With Valentine’s Day right around the corner, the height of demand for floral bouquet delivery is upon us. If you’re new to the wide world of flora for hire—or if you’re sick of overpaying for a lackluster final product—this buyer’s guide is for you. Pick up tips here for getting the best bang for your buck at the florist, including where and when to order, what to ask for and how to choose the best arrangement for the occasion.
Order local. Always.
As tempting as it is to use a cursory Google search, the first results are often large-scale flower brokers like 1-800 Flowers. A flower broker is merely a call center, and it has no brick-and-mortar shop associated with it. Upwards of 30 percent of what you pay goes to the broker and cuts down on the amount of flowers to actually land in your arrangement.
Is your sweetheart in another city? No problem. Give your local florist a call, and he or she can direct you to a trusted florist in the city of delivery. Shopping local means cutting out the middleman and getting more bang for your buck.

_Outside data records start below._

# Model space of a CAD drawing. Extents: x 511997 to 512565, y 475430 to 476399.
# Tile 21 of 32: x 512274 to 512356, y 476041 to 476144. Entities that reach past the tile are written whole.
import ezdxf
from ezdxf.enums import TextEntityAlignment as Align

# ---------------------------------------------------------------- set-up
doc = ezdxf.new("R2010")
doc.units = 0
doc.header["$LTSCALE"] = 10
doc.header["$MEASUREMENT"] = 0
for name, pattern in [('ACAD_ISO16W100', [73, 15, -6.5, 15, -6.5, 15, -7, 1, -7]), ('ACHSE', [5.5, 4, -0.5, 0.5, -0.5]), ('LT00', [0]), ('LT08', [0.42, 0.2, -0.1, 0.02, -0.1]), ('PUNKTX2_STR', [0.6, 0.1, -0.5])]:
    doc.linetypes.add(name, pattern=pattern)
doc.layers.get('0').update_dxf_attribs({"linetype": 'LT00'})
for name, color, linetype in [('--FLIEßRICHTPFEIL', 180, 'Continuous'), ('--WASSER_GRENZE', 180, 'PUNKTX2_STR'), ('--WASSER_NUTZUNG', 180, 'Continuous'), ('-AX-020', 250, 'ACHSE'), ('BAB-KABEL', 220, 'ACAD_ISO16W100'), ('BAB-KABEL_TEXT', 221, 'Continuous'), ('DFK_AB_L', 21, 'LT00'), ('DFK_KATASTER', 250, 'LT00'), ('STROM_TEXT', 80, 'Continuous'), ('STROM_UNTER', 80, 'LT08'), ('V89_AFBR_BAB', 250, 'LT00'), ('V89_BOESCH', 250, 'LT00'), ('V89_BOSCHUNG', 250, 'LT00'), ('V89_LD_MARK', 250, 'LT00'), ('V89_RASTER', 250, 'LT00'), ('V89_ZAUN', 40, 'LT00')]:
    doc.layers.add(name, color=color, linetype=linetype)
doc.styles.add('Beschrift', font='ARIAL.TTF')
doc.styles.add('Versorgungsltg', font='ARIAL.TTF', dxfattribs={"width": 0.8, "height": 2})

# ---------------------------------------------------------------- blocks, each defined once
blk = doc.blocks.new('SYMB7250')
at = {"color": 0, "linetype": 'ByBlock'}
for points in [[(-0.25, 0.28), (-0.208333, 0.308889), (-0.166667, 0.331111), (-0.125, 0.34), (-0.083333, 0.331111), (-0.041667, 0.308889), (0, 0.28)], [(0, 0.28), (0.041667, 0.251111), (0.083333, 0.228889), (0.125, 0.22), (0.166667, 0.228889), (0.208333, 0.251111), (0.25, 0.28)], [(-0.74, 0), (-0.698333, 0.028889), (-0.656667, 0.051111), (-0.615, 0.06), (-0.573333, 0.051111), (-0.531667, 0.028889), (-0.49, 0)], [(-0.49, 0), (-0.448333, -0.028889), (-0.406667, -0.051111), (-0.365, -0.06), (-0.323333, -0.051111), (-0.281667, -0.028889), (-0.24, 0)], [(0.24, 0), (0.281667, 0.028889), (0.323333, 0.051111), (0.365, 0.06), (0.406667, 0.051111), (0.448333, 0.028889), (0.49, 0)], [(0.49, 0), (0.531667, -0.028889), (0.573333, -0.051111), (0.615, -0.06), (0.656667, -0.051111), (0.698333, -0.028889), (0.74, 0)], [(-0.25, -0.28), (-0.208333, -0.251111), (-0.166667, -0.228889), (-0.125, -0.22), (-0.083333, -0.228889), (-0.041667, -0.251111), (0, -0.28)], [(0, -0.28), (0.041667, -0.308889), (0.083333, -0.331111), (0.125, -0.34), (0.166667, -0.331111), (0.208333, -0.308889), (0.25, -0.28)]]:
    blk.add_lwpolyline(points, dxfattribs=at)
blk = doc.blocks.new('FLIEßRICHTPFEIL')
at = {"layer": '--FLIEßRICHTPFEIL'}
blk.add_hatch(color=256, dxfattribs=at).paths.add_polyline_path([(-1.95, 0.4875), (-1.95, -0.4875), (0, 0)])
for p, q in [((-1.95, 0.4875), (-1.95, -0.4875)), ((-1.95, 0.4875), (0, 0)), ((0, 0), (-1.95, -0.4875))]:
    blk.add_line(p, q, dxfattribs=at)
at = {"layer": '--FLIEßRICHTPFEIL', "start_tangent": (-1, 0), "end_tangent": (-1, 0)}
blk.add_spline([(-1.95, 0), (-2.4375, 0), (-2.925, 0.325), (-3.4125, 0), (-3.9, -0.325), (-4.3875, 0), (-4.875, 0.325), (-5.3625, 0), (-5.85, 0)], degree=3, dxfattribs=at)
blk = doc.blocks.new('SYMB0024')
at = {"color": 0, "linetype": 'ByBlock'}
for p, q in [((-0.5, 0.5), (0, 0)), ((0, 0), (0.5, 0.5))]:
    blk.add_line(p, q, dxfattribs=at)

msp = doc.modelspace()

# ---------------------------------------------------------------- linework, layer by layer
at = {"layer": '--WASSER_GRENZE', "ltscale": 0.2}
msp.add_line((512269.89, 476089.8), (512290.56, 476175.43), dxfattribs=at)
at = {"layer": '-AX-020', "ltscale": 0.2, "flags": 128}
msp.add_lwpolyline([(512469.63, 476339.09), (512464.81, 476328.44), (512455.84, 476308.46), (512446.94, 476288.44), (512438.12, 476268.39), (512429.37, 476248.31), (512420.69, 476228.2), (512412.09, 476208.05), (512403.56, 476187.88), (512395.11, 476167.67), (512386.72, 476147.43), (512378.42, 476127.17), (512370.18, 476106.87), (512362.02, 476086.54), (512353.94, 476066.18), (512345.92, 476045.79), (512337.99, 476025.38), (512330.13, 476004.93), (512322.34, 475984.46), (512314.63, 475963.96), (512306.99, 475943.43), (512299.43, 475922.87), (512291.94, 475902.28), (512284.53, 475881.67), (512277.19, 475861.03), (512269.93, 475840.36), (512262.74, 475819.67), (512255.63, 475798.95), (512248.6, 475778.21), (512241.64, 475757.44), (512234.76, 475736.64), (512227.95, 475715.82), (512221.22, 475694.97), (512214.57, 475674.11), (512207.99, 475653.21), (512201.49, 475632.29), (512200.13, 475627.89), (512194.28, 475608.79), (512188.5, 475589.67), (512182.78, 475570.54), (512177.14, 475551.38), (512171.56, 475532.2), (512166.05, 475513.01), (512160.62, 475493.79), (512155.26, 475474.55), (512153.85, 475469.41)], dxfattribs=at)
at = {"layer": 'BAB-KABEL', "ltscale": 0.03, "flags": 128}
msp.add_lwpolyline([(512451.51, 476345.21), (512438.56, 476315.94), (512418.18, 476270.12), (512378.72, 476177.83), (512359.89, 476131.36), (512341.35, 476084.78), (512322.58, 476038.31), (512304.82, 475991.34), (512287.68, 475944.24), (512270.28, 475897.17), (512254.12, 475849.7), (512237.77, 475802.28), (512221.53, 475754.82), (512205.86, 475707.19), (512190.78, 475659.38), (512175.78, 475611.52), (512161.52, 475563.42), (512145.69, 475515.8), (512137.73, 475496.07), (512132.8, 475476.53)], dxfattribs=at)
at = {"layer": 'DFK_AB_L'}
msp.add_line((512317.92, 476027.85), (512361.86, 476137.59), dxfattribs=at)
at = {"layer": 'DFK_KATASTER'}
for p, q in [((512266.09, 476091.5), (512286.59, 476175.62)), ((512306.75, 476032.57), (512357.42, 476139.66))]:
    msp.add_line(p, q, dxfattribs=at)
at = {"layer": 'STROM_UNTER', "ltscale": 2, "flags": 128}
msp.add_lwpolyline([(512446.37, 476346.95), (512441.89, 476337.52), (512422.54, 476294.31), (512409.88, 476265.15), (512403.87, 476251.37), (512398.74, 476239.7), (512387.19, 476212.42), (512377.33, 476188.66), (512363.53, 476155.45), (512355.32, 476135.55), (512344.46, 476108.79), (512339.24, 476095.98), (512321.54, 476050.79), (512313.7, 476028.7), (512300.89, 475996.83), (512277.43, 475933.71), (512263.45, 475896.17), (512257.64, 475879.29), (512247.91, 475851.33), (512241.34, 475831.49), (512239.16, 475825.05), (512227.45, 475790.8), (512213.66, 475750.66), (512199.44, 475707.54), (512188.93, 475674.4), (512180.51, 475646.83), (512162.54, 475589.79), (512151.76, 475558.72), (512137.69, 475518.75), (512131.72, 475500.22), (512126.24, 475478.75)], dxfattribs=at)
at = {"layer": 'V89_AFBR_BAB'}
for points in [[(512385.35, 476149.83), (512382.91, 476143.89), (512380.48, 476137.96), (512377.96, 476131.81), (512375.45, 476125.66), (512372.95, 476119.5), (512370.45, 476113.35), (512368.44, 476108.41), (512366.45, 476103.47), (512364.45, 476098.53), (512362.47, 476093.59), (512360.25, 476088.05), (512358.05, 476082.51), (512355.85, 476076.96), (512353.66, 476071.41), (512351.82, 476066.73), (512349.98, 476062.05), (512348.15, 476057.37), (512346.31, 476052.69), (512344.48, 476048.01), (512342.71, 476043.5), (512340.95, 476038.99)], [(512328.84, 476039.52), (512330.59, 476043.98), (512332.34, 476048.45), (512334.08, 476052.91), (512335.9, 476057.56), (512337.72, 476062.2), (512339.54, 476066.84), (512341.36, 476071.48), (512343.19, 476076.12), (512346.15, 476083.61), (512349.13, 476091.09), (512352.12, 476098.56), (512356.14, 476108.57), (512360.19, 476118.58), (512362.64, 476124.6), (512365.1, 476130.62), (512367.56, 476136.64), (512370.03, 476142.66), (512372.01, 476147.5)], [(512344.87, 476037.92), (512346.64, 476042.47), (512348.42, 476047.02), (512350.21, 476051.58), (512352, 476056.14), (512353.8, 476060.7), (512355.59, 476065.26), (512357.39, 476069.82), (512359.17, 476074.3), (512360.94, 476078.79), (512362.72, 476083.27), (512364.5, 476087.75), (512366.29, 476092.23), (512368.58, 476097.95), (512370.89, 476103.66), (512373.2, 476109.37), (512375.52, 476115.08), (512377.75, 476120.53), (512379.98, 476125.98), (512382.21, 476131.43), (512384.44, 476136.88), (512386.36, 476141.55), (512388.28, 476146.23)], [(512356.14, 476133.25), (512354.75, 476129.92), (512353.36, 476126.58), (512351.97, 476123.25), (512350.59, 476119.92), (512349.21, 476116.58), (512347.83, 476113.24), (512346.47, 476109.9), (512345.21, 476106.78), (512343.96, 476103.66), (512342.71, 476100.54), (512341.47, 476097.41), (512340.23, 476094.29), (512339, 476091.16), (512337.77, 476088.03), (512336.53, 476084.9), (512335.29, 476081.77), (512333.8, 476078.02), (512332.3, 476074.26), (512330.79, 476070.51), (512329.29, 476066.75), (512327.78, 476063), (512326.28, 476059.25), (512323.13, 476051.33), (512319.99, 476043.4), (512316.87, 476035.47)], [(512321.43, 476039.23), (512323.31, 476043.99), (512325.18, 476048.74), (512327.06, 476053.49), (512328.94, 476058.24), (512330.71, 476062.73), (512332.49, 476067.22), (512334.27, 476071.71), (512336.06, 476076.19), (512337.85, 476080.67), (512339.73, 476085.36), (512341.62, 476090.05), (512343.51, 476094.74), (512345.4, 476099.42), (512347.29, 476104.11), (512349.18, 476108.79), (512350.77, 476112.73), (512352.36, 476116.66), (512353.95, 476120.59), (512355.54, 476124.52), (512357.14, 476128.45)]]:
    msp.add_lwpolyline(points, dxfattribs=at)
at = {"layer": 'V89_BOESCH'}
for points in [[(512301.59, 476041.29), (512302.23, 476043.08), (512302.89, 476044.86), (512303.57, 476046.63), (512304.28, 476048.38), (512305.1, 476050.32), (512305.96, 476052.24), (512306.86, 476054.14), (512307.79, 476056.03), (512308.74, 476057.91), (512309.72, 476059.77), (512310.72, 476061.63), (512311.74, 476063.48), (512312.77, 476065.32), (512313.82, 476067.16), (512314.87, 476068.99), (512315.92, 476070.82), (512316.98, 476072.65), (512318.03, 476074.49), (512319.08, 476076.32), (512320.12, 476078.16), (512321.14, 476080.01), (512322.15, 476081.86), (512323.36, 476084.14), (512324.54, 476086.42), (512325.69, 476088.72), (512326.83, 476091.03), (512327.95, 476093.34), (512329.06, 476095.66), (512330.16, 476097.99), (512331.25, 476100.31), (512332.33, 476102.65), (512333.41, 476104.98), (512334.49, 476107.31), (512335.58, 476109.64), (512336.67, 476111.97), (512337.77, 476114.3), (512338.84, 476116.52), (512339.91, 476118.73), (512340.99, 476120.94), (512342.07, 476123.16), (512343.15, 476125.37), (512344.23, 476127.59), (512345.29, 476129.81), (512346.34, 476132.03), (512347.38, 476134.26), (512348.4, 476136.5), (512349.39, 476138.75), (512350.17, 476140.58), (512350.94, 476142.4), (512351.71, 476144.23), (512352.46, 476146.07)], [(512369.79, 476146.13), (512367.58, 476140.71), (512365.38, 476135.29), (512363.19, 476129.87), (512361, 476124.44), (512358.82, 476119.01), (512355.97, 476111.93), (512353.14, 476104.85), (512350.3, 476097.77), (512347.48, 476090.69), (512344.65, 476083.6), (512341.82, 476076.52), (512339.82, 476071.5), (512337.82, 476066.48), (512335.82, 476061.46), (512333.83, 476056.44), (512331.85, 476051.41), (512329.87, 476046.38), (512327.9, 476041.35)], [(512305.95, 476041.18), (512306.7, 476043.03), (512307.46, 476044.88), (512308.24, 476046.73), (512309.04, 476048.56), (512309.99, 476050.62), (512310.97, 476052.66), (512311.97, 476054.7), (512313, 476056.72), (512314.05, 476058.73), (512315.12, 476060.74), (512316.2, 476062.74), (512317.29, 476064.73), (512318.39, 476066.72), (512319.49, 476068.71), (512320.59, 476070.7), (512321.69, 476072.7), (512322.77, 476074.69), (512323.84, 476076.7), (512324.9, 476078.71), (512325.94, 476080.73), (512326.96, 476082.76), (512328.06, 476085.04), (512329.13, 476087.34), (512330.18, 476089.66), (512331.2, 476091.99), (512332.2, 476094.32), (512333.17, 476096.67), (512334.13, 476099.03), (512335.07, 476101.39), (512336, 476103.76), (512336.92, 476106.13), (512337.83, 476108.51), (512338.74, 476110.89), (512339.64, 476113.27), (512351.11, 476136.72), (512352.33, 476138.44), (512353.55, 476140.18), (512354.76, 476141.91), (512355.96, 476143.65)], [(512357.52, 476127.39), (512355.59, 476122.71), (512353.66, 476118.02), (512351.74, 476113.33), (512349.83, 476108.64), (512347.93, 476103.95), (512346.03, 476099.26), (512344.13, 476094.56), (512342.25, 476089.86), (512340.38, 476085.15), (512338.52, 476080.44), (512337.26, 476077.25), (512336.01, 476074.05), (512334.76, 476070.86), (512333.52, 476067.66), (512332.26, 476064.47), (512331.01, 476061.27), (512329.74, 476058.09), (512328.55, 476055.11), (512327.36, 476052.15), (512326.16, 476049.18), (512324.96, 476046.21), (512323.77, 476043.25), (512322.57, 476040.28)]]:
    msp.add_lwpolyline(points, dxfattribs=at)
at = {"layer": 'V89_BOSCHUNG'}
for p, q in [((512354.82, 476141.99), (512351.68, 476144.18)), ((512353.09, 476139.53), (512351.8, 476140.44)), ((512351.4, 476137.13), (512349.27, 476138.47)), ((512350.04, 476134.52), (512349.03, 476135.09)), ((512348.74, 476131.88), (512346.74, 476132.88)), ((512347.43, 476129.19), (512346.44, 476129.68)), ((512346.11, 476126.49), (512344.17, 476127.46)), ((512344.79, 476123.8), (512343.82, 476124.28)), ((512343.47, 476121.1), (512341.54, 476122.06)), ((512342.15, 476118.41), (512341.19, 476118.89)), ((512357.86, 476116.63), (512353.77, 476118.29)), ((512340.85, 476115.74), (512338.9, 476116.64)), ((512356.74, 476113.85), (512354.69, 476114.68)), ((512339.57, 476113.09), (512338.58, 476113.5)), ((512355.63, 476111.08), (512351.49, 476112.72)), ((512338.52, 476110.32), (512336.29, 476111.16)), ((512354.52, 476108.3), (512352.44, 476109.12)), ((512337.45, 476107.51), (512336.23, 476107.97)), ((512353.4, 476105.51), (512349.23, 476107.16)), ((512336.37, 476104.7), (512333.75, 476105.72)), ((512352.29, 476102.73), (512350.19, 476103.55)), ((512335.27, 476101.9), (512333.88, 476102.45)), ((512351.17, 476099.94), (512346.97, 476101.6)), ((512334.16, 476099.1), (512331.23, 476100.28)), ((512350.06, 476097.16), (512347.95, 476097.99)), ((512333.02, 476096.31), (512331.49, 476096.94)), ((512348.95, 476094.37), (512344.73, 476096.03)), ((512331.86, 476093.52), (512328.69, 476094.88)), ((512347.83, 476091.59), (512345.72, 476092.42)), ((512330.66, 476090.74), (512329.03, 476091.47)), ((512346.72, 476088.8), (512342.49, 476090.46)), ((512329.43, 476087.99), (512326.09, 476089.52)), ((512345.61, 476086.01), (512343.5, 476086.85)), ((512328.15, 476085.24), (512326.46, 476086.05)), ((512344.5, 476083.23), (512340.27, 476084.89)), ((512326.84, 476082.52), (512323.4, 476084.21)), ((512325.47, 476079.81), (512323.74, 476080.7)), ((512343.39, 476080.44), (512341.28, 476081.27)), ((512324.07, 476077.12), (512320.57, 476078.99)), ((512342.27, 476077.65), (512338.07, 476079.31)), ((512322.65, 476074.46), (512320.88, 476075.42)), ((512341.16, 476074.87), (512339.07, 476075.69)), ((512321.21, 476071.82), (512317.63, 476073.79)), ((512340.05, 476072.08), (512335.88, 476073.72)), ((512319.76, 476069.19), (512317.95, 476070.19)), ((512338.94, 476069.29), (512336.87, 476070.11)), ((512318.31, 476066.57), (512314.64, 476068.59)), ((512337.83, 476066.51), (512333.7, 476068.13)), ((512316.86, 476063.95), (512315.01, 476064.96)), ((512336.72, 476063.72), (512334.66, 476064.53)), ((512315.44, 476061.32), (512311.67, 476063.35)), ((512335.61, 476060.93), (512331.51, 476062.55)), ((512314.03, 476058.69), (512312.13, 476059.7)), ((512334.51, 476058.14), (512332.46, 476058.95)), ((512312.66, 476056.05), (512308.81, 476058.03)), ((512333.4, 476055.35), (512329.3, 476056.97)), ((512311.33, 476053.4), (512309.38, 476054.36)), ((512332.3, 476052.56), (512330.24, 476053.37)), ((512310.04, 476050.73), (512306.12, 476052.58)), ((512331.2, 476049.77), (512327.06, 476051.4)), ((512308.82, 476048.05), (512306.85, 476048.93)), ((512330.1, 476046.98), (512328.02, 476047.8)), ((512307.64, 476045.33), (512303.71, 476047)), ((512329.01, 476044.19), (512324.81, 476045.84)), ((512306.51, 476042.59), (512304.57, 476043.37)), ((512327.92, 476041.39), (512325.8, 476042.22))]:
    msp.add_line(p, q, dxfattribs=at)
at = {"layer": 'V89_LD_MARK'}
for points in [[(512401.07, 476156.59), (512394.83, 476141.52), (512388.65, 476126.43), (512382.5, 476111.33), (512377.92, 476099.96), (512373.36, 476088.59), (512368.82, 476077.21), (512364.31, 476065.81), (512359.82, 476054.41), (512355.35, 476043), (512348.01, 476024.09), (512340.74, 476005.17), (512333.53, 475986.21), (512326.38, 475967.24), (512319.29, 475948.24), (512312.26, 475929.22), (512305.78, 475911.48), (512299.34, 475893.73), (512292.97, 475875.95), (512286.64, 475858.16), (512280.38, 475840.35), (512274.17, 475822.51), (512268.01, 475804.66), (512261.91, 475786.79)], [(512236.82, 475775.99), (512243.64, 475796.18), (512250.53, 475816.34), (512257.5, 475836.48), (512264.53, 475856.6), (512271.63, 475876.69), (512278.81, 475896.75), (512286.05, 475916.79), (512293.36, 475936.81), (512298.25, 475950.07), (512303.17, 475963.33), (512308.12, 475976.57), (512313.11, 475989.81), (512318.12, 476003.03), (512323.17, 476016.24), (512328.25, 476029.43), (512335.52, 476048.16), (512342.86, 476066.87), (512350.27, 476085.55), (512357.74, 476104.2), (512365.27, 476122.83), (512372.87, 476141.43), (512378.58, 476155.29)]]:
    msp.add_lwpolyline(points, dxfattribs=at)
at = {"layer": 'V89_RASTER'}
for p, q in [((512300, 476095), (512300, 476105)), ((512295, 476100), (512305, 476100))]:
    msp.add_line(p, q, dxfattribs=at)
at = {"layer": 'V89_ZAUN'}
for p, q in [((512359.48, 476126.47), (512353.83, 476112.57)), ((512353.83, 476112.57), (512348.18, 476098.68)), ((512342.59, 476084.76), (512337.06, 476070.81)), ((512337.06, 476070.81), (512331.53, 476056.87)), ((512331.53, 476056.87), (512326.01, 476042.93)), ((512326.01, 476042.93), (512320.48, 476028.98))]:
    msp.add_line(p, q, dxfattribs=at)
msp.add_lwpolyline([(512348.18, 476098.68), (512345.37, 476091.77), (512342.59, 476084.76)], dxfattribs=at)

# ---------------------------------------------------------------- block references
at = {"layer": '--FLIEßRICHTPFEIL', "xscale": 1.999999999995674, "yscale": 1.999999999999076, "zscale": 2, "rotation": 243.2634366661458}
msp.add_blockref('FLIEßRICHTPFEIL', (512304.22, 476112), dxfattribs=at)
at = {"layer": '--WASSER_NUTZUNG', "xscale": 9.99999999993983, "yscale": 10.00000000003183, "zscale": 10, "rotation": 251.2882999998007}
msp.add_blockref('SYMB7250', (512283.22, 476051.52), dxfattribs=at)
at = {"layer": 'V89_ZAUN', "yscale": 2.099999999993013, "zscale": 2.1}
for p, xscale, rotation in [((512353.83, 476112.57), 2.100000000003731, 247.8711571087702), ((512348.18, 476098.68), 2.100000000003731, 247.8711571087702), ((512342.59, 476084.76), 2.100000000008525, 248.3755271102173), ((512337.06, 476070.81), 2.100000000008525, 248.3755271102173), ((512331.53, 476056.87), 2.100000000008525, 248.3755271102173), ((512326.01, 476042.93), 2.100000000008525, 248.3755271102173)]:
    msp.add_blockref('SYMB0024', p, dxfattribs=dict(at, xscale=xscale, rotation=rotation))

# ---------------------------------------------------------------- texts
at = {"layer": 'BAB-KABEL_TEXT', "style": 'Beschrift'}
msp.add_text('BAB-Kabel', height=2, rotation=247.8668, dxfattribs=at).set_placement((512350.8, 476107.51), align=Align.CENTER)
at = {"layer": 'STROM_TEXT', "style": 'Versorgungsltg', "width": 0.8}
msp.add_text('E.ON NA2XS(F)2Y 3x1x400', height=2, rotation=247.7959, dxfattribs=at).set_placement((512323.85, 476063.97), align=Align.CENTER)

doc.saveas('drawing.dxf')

Order at least one week in advance.
“Ordering a week ahead ensures you get exactly what you want,” says florist Shelley Horton, owner of Spring Hill Florist and Gifts in Spring Hill, Tenn. Furthermore, many florists will offer specials or discounts for early Valentine orders like free delivery. Free delivery means you will save at least $10 right off the bat.
Since Valentine’s Day falls on a Friday this year, Horton even recommends ordering for a February 13th delivery. “With Valentine’s on a Friday, many couples go straight to dinner, and it cuts down on the enjoyment of the arrangement. Get flowers delivered on Thursday as pre-Valentine’s Day surprise.”
If ordering early isn’t an option, florists do provide cash-and-carry services. This means dropping by the florist, selecting flowers and leaving with a wrapped bouquet. This is one of the cheapest options, because you are only faced with the cost of the flowers and applicable taxes.
Filler Flowers: A Fresh Way to Save
Floral bouquets typically feature a show-stopper like deeply hued roses or tulips, surrounded by other, smaller flowers in supporting roles. Carnations and baby’s breath used to be popular filler flowers, but most florists now tend steer clear of them.
Stylish, less expensive counterparts include genestra, lily grass, wax flower, acacia, bupleurum and freesia. These choices add volume, pops of complimentary color and rustic appeal to arrangements for a custom look.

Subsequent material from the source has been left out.